Recientemente estuve en casa de mi madre y saqué la caja de fotos.
Buscando imágenes de juventud y frescura.
Queriendo contemplar la belleza que fui.
De dientes más blancos.
Cutis más tersa.
Cabello más brillante.
Cuerpo más fino.
Y sí.
Encontré la cutis más tersa, así como el cabello más brillante y el cuerpo más fino.
Pero también encontré lo olvidado.
Lo convenientemente negado.
La incomodidad que siempre me ha acompañado.
Ese detalle se me había escapado.
Me convenía más creer que la incomodidad era por los años.
Pues aquí yo recordando una yo de antes, más perfecta, superior.
Pero al ver las fotos,
no eran las perfecciones las que me saltaban a la vista,
sino la incomodidad.
Saqué la otra caja.
La que contiene esas fotos aún más antiguas.
Fotos de una bebé. Una niña.
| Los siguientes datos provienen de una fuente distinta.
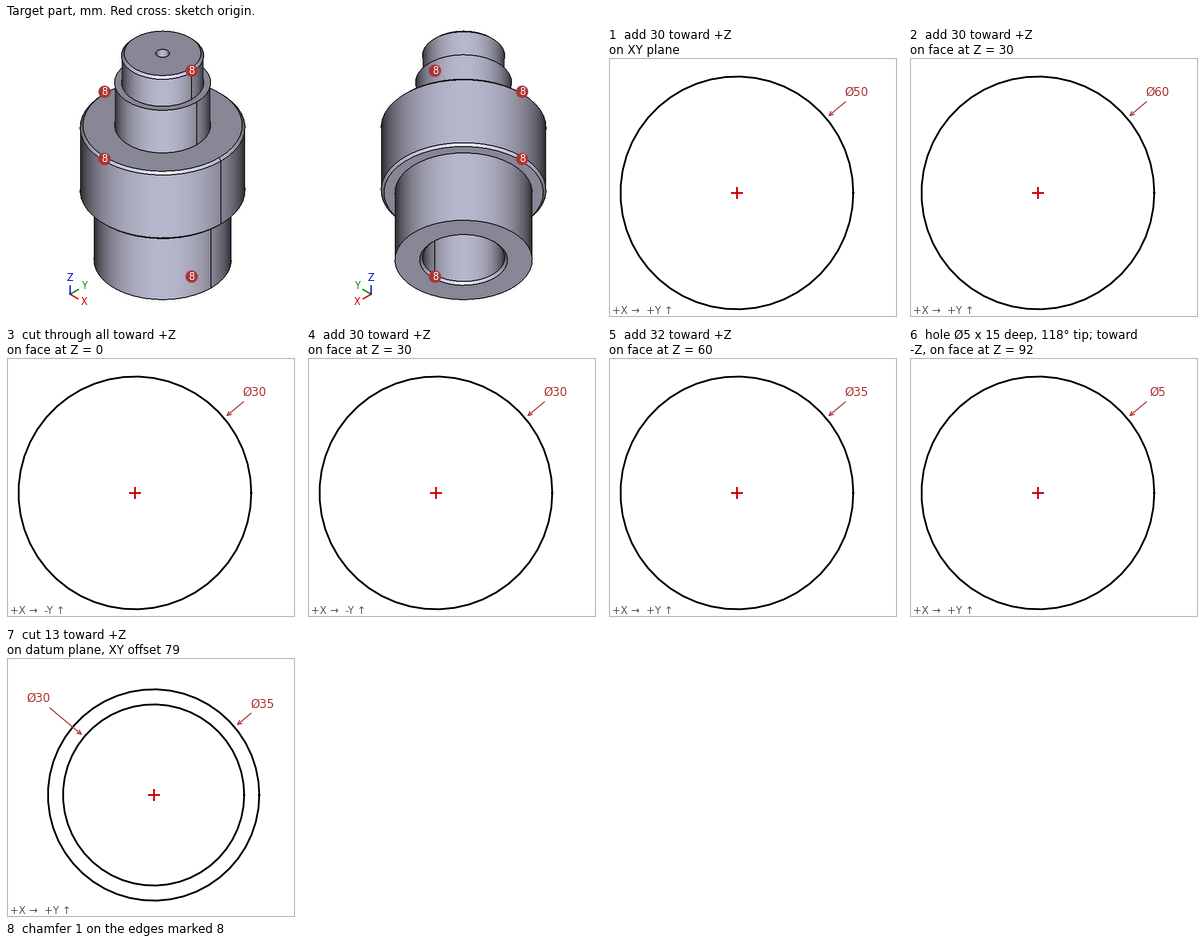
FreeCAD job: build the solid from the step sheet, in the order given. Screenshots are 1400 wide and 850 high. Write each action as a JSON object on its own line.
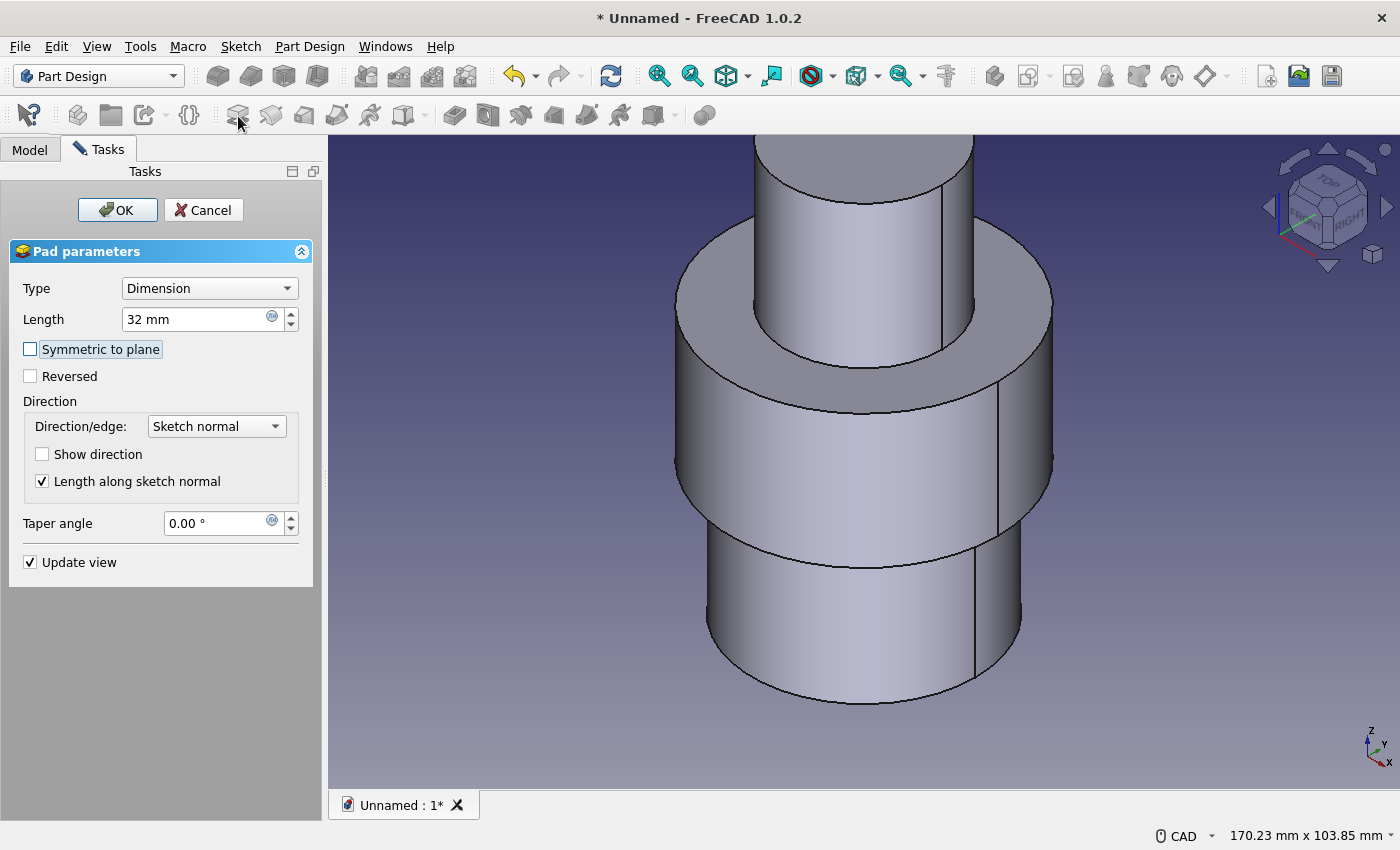
{"action": "left_click", "coordinate": [118, 210]}

Una adolescente.
En todas, allí está, totalmente presente, la incomodidad.
La tensión.
La mirada dudosa.
Como pidiendo permiso y perdón al mismo tiempo.
Perdón por existir.
Permiso para desaparecer.
Dolor.
Por ser cobarde.
Por ser pequeña.
Por ser diminuta.
Por ser nada.
Perdón.
Pero sí.
Siempre me ha incomodado existir.
No por desagradecida.
Ojalá no se me malinterprete.
Más bien por la sensación de imposible.
Imposible contener el amor por cuánta muestra de belleza.
Imposible expresar la admiración que siento.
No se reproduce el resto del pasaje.